■ Exercise goal:
Count every line below that holds the word "fitted", and give the number with no other words.
START Input records
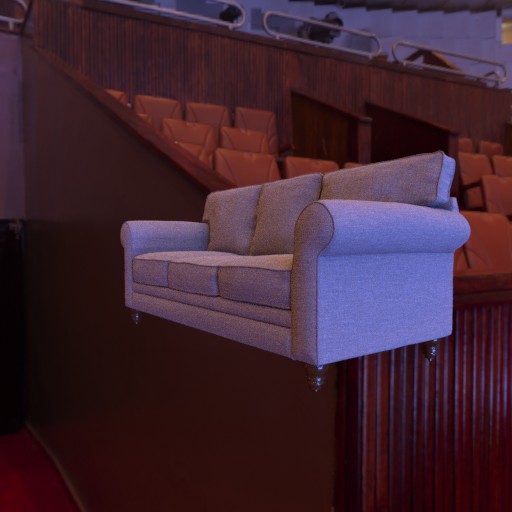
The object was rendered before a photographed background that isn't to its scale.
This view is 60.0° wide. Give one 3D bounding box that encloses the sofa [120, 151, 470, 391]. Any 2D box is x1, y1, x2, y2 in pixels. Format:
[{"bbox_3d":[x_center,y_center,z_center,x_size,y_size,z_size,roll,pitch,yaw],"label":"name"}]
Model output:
[{"bbox_3d":[0.000,0.000,2.575,0.916,0.961,2.084,-1,2,-37],"label":"sofa"}]
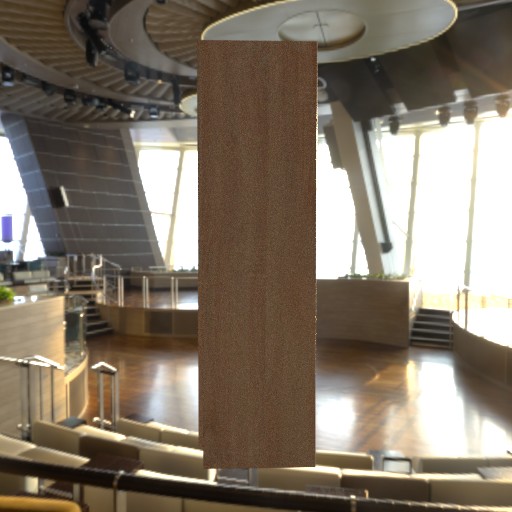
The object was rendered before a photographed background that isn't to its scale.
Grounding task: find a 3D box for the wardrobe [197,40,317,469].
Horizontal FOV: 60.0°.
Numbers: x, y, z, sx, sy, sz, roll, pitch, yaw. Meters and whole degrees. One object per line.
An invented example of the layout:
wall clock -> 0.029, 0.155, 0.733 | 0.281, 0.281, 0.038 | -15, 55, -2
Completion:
wardrobe -> 0.000, 0.000, 2.438 | 0.588, 2.117, 0.496 | 0, 2, -2
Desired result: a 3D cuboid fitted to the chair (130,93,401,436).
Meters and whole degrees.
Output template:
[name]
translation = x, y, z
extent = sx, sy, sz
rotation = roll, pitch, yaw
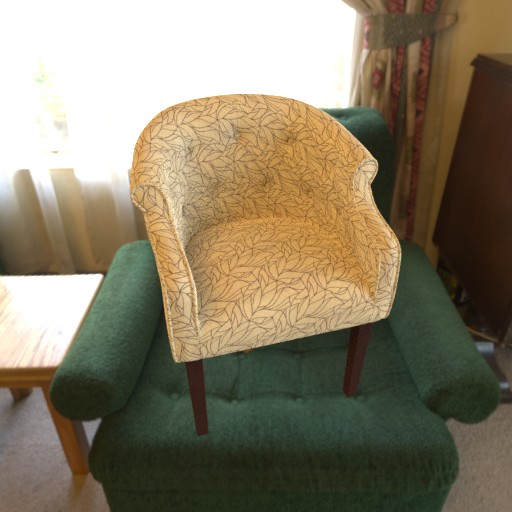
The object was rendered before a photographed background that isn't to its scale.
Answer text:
[chair]
translation = 0.000, 0.000, 1.370
extent = 0.686, 0.858, 0.613
rotation = -9, 33, -15
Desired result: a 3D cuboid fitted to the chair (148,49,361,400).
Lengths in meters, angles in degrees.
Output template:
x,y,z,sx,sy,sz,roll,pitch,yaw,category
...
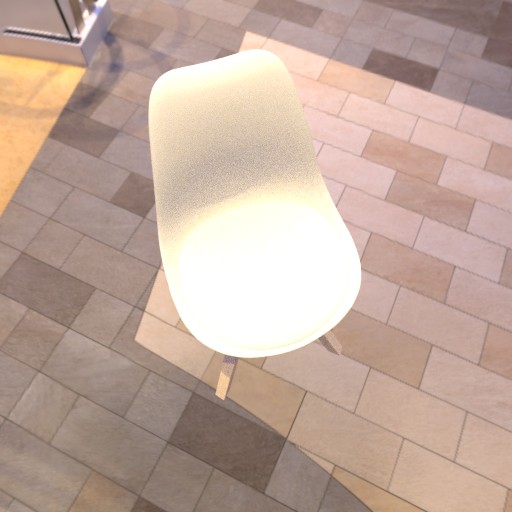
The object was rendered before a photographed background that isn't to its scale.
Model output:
x,y,z,sx,sy,sz,roll,pitch,yaw,category
0.000,0.000,1.200,0.485,0.850,0.550,-18,65,-9,chair
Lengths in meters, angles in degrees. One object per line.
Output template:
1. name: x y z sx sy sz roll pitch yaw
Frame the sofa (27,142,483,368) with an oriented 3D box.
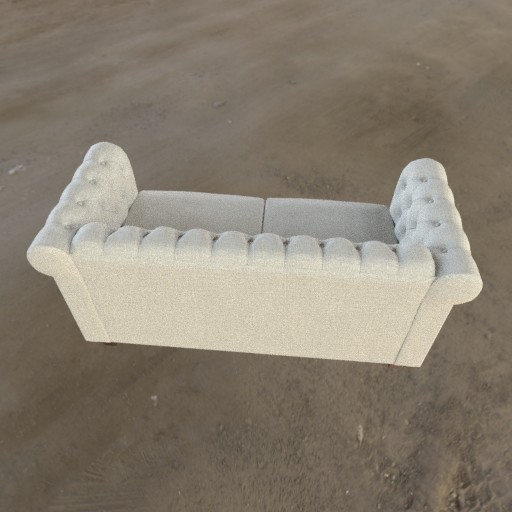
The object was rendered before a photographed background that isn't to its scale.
1. sofa: 0.000 0.000 2.219 1.798 0.797 0.783 4 47 3
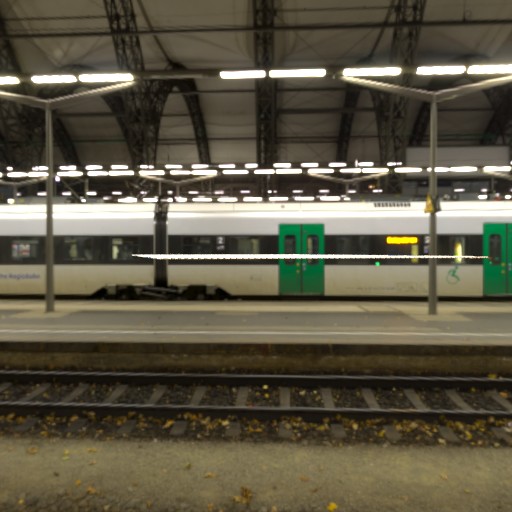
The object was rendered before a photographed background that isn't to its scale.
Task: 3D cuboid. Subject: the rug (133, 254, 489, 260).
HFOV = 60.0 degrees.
[{"bbox_3d":[0.000,0.000,3.030,1.532,0.010,2.441,0,0,-18],"label":"rug"}]
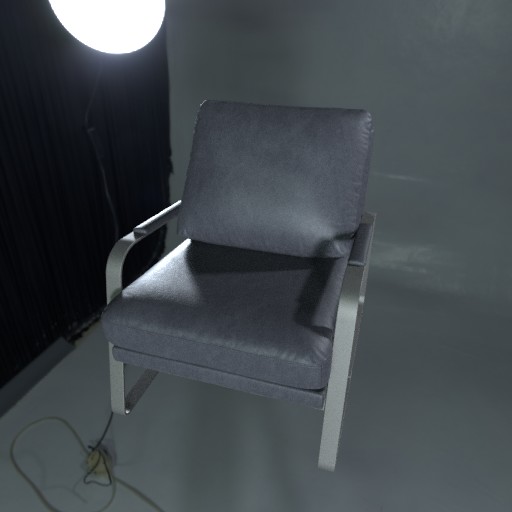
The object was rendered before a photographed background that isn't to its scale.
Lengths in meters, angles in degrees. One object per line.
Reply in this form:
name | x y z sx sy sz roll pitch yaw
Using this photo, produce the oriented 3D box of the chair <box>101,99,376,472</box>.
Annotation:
chair | 0.000 0.000 1.423 0.692 0.839 0.878 9 30 15
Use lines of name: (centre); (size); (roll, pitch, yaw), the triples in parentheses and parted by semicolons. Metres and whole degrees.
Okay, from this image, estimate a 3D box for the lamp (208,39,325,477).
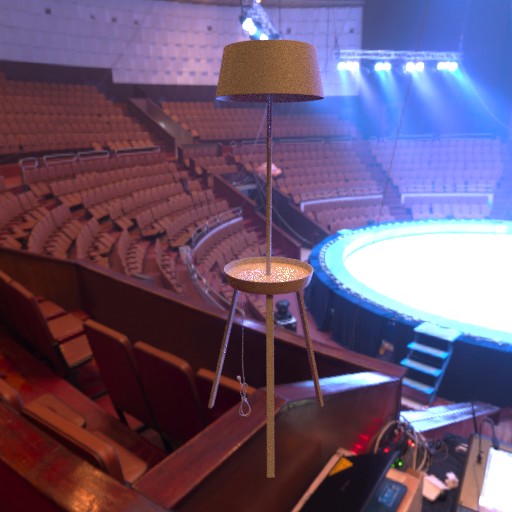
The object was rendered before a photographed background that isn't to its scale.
END Input records
■ Solution below:
2